How to run Magic Lantern into QEMU?!...

Started by jplxpto, September 23, 2012, 08:29:02 PM

Previous topic - Next topic

0 Members and 2 Guests are viewing this topic.

a1ex

Quote from: nkls on May 30, 2016, 10:26:16 PM
Maybe count %-signs and branch to different cases?

Yes, that's exactly what I ended up with.
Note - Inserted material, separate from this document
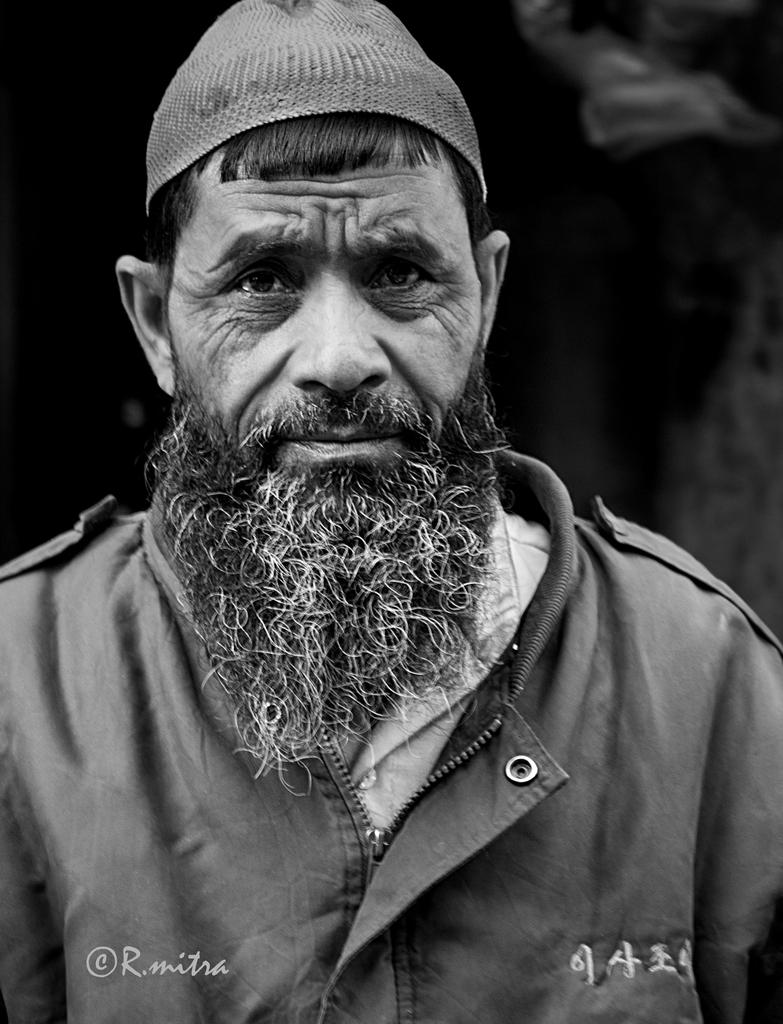What is the color scheme of the image? The image is black and white. Who is present in the image? There is a man in the image. What is the man doing in the image? The man is looking to his side. What type of clothing is the man wearing? The man is wearing a coat and a cap. What facial feature can be observed on the man? The man has a beard. What type of plastic box is the man holding in the image? There is no plastic box present in the image.

I made a generic logging library for various functions around the firmware (tasks, semaphores, timers, interrupts, MPU communication), all in pure gdb:

https://bitbucket.org/hudson/magic-lantern/src/qemu-nkls/contrib/qemu/scripts/debug-logging.gdb

This file can be included in the model-specific GDB script, like this:
https://bitbucket.org/hudson/magic-lantern/src/qemu-nkls/contrib/qemu/scripts/5D3/debugmsg.gdb
https://bitbucket.org/hudson/magic-lantern/src/qemu-nkls/contrib/qemu/scripts/70D/debugmsg.gdb

and then get a log from both QEMU and GDB on the same terminal with a command like this:

./run_canon_fw.sh 5D3 -s -S & arm-none-eabi-gdb -x 5D3/debugmsg.gdb


The functionality is similar to the one in the dm-spy-experiments branch, but - as you pointed out - it works without changing the guest code or having to load autoexec.bin (for example, I could use it on 7D2).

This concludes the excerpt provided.